--- START ---
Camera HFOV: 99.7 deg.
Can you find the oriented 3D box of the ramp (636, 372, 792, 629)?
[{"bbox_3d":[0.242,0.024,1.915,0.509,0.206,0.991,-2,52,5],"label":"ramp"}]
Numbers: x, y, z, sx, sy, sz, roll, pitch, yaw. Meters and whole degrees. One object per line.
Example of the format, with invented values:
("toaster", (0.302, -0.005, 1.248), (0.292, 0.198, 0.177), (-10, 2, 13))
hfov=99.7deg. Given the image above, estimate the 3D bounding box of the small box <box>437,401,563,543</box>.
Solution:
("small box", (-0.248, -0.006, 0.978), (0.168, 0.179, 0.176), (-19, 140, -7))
--- END ---
Please retype the records above starting with the line that contains "Numbers: x, y, z, sx, sy, sz, roll, pitch, yaw." and stopping after the last line, changing nothing.

**Task solution**
Numbers: x, y, z, sx, sy, sz, roll, pitch, yaw. Meters and whole degrees. One object per line.
Example of the format, with invented values:
("toaster", (0.302, -0.005, 1.248), (0.292, 0.198, 0.177), (-10, 2, 13))
hfov=99.7deg. Given the image above, estimate the 3D bounding box of the small box <box>437,401,563,543</box>.
Solution:
("small box", (-0.248, -0.006, 0.978), (0.168, 0.179, 0.176), (-19, 140, -7))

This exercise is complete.